On her first day she got to play in numerous rivers and visit the redwoods. Not bad for a day one. I documented her day in the gallery below.
Forestry Friday … From The Woods
Today I’m coming to you from the Trinitys. I happen to have a cell signal so I’m making this post with my iPhone. Many of you may know that we are in a severe drought here in California. You can see by the dust coming off this logging operation how dry things are. Our logging crews are suffering with the dry conditions and the dust. Full fire precautions are in effect. Fire season has been pretty brutal this summer. We’re crossing fingers and hoping for the best for the rest of the logging season.
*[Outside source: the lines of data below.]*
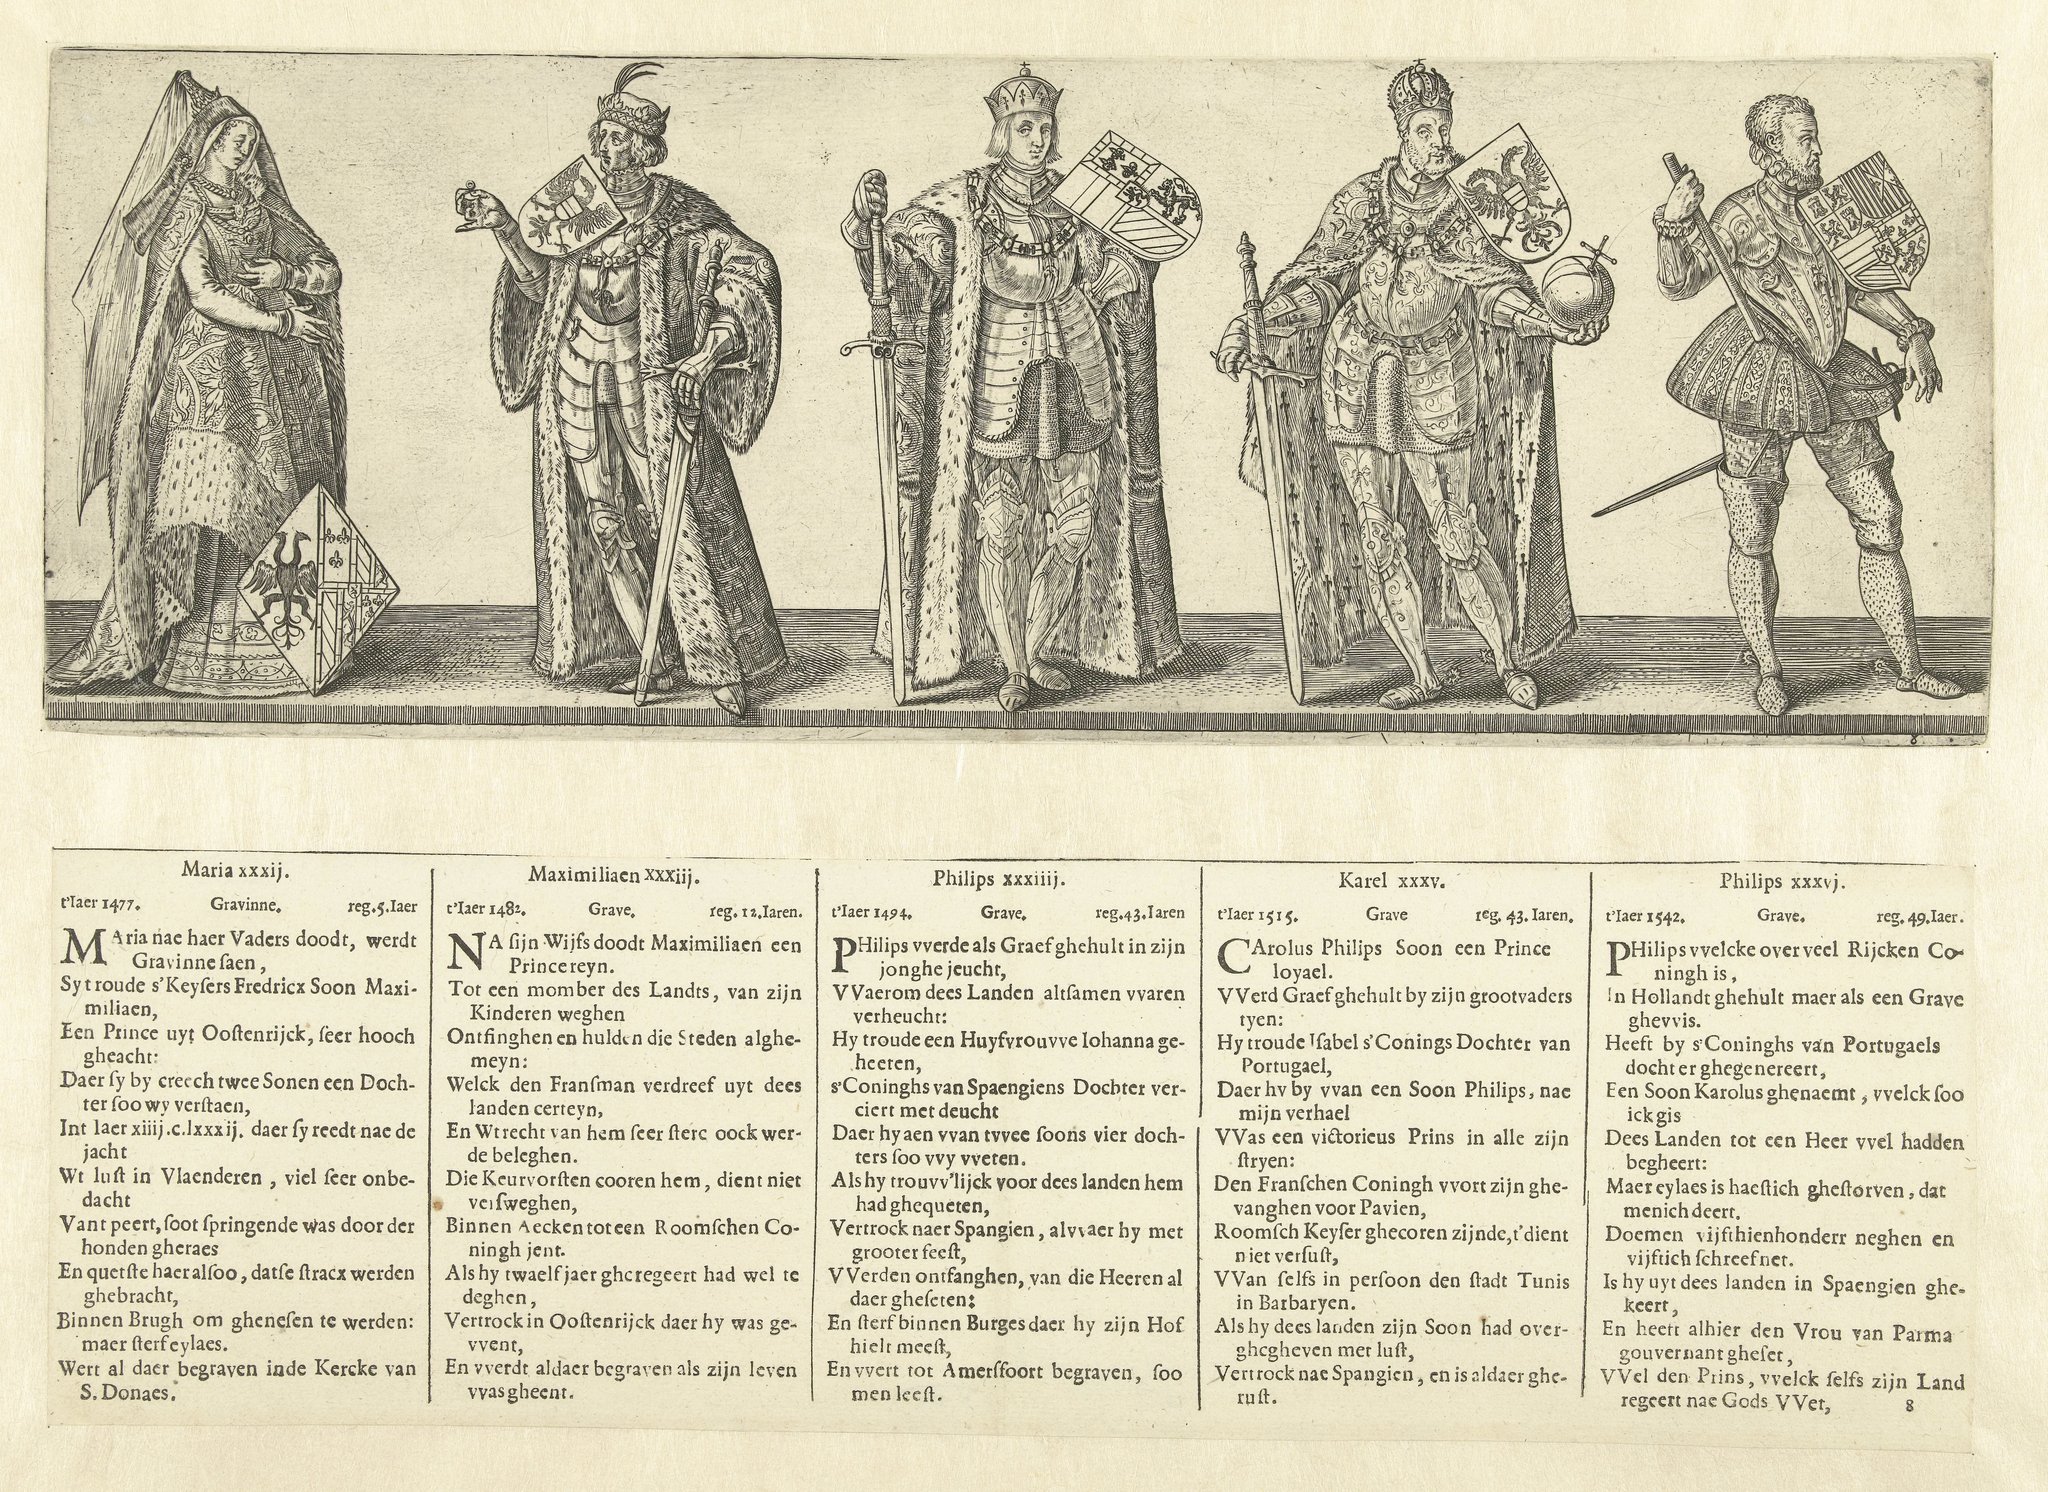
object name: print
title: Graven en gravinnen van Holland
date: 1584-1585
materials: paper
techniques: engraving, letterpress printing
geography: haarlem
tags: philip ii of spain, brussels, bruges, maria (hertogin van bourgondië), maximilian i (holy roman emperor), filips de schone (hertog van bourgondië), ghent, charles v (holy roman emperor and king of spain)
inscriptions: collector's mark: Lugt 2228a
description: Voorstelling van één vrouw met schild en staf, en vier mannen met zwaard en schild. Het gaat volgens het bijbehorende onderschrift om gravin van Holland Maria XXXII en graven van Holland Maximiliaan XXXIII, Filips XXXIV, Karel XXXV en Filips XXXVI (bedoeld zijn Maria van Bourgondië, Maximiliaan I van Habsburg, Filips de Schone, Karel V van Habsburg en Filips II). Deze prent is onderdeel van een serie van acht genummerde prenten van de graven en gravinnen van Holland met bijbehorende verklarende Nederlandse teksten in boekdruk. Prent en tekst zijn steeds op één blad bevestigd. Overigens lijkt er van de jaartallen die in de onderschriften vermeld staan weinig te kloppen.

Dust is flying, hazy smoke is in the air and Trinity Lake, in the background behind the lower left trees, is down to about 30% capacity. It’s dry dry dry out there.
Forestry Friday … Big Stumps Talkin’

A managed redwood forest.
Last week, I was in the redwood country of our coastal mountains. However, I wasn’t down in the parks with the gigantic and ancient trees. As you might imagine, I was in young, working redwood forests.

Wild Foxglove
It’s beautiful country and full of surprises. One of the surprises you’ll find in these forests are the old stumps of the ancient forest giants that were logged over a hundred years ago.

A giant redwood stump.
These old stumps tell a story of the past. The stump pictured above looks like it has two eyes. The “eye” on the left is a spring-board hole. Way back when, the timber fallers would cut a notch in the tree up above the butt swell. They then wedged a board into the notch. They stood on the board, called a spring-board, to cut the tree down. Two man teams with double bit axes and cross-cut saws fell these trees. The spring boards elevated the fallers up the tree where it wasn’t as thick, making it easier to cut. That’s why these stumps are so tall.
Many of these stumps are charred on the outside. The fires that caused this may have been intentional. It was a common practice of the time, to burn the logging site after the trees were felled. They did this to eliminate slash. After the big trees were cut the slash was so deep it was difficult for a man to get through it. The fire solved this problem and left burned stumps behind.

This redwood stump is fifteen feet across.

A spring board hole cut into the stump.

Looking west from the Coast Range toward Humboldt Bay and the Pacific.
I did a watercolor of a logger bucking a log with a cross-cut saw, which is showing in my post Misery Whip – The Final. Timber fallers on spring-board would be a good subject for an illustration. I might have to work on that. Happy Friday.